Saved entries

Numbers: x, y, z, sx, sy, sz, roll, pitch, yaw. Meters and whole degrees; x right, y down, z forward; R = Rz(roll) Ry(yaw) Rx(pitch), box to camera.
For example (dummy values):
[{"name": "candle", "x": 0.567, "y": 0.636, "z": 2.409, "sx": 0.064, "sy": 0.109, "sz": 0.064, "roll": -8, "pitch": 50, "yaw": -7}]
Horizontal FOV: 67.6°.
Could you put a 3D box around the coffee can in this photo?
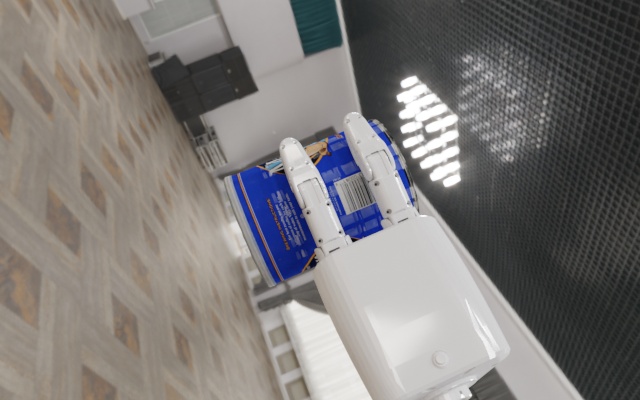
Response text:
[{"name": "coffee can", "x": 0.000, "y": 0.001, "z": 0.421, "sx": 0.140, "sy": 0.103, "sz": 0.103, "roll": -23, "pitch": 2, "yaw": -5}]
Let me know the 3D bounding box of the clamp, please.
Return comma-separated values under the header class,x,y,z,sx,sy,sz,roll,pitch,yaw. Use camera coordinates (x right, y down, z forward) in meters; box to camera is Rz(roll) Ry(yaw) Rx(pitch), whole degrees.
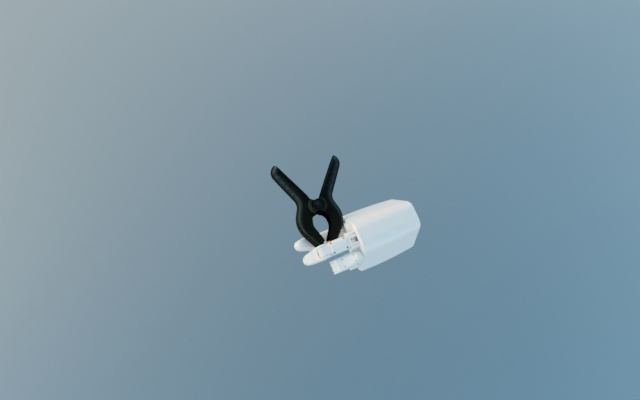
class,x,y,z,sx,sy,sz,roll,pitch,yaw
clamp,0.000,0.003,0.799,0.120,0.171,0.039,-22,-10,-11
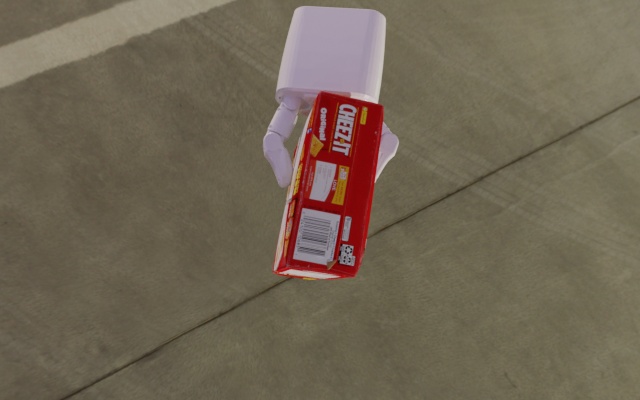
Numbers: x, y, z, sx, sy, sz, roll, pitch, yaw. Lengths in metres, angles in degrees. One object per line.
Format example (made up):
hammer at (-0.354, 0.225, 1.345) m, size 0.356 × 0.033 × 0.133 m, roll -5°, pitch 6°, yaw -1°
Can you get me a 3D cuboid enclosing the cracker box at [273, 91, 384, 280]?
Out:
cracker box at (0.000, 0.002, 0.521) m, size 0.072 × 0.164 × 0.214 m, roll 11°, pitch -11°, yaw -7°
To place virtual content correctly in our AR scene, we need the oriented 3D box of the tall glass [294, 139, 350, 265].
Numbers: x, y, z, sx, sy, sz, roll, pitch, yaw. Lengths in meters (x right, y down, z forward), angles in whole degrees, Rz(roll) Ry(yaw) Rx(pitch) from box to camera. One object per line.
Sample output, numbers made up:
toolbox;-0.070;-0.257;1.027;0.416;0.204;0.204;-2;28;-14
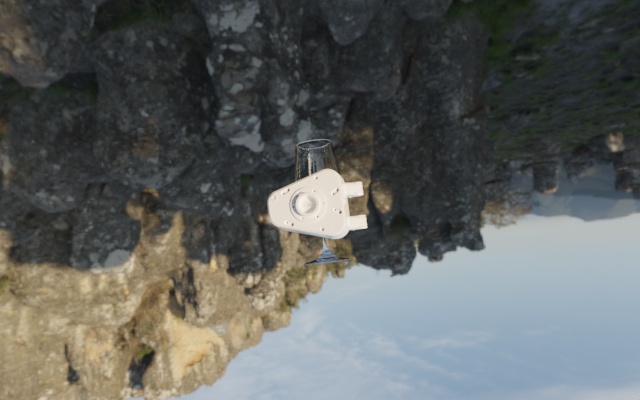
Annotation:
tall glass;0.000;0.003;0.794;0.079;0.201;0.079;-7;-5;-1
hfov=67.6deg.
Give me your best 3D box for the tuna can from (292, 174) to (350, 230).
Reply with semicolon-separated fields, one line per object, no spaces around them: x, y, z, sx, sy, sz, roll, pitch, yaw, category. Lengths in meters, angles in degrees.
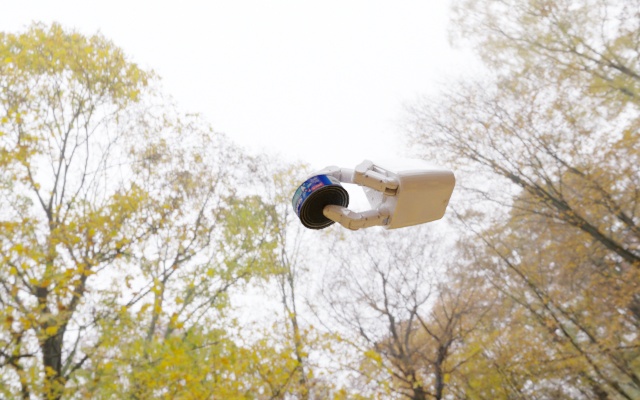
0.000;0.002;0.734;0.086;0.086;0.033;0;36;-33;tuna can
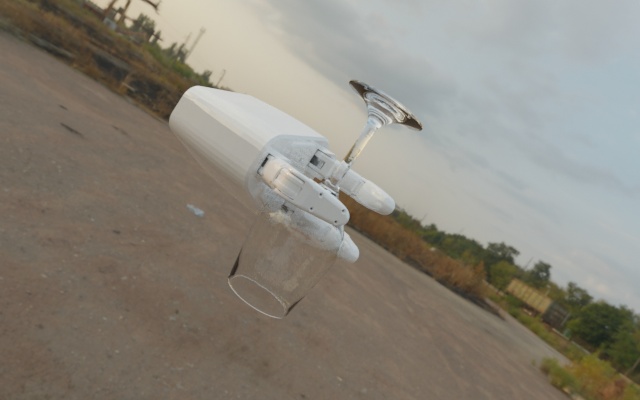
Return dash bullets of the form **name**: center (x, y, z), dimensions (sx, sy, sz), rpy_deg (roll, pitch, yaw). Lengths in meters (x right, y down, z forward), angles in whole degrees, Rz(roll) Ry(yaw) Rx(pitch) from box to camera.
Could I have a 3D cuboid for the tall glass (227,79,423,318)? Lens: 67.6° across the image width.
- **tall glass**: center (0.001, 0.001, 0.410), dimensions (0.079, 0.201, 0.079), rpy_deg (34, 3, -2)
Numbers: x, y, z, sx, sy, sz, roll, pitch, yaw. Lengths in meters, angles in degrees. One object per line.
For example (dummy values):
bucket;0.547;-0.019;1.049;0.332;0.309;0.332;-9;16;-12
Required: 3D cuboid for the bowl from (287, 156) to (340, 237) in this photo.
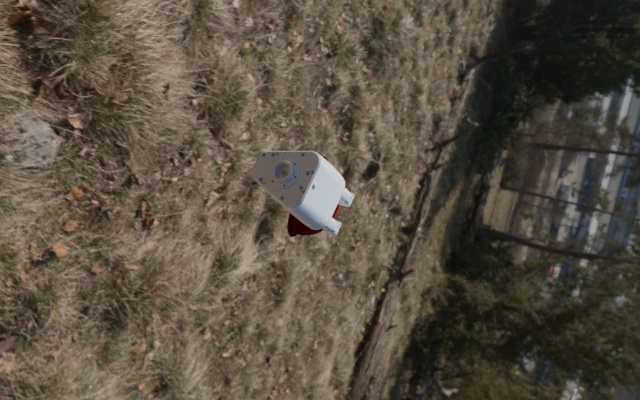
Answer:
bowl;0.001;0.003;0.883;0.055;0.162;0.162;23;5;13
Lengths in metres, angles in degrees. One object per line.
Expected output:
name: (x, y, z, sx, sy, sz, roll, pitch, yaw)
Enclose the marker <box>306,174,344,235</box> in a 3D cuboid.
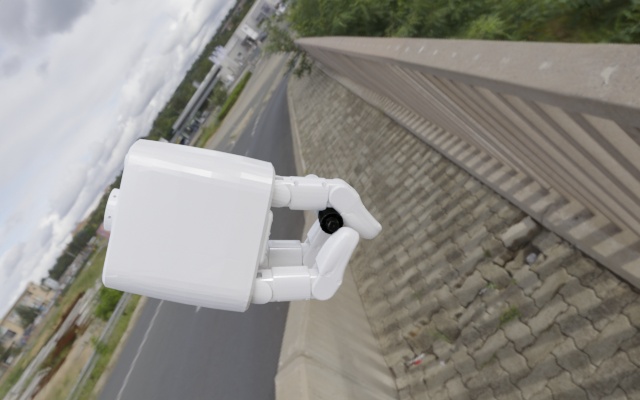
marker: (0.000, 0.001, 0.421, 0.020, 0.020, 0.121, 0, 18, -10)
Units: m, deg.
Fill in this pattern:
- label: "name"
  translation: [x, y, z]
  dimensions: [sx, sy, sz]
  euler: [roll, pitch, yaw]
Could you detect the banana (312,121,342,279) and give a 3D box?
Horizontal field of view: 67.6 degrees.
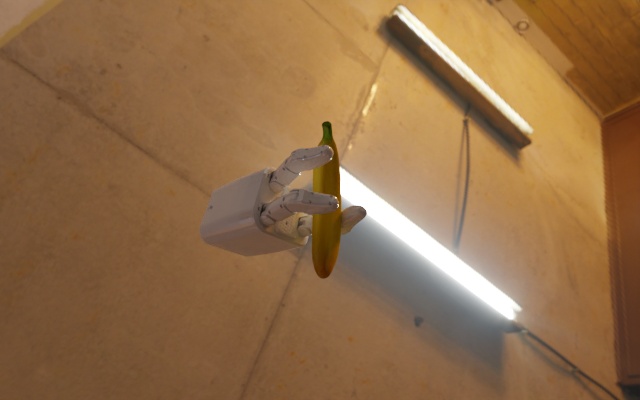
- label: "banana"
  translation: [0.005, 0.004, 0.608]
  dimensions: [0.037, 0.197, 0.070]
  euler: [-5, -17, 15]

• **YOUR ASSIGNMENT**:
In the entries above, every line from the line with "bucket;0.547;-0.019;1.049;0.332;0.309;0.332;-9;16;-12" to the line with "Could you detect" is to be printed exactly, with both ends included and pictures excluded.

• **YOUR RESPONSE**:
bucket;0.547;-0.019;1.049;0.332;0.309;0.332;-9;16;-12
Required: 3D cuboid for the bowl from (287, 156) to (340, 237) in this photo.
Answer:
bowl;0.001;0.003;0.883;0.055;0.162;0.162;23;5;13
Lengths in metres, angles in degrees. One object per line.
Expected output:
name: (x, y, z, sx, sy, sz, roll, pitch, yaw)
Enclose the marker <box>306,174,344,235</box> in a 3D cuboid.
marker: (0.000, 0.001, 0.421, 0.020, 0.020, 0.121, 0, 18, -10)
Units: m, deg.
Fill in this pattern:
- label: "name"
  translation: [x, y, z]
  dimensions: [sx, sy, sz]
  euler: [roll, pitch, yaw]
Could you detect the banana (312,121,342,279) and give a 3D box?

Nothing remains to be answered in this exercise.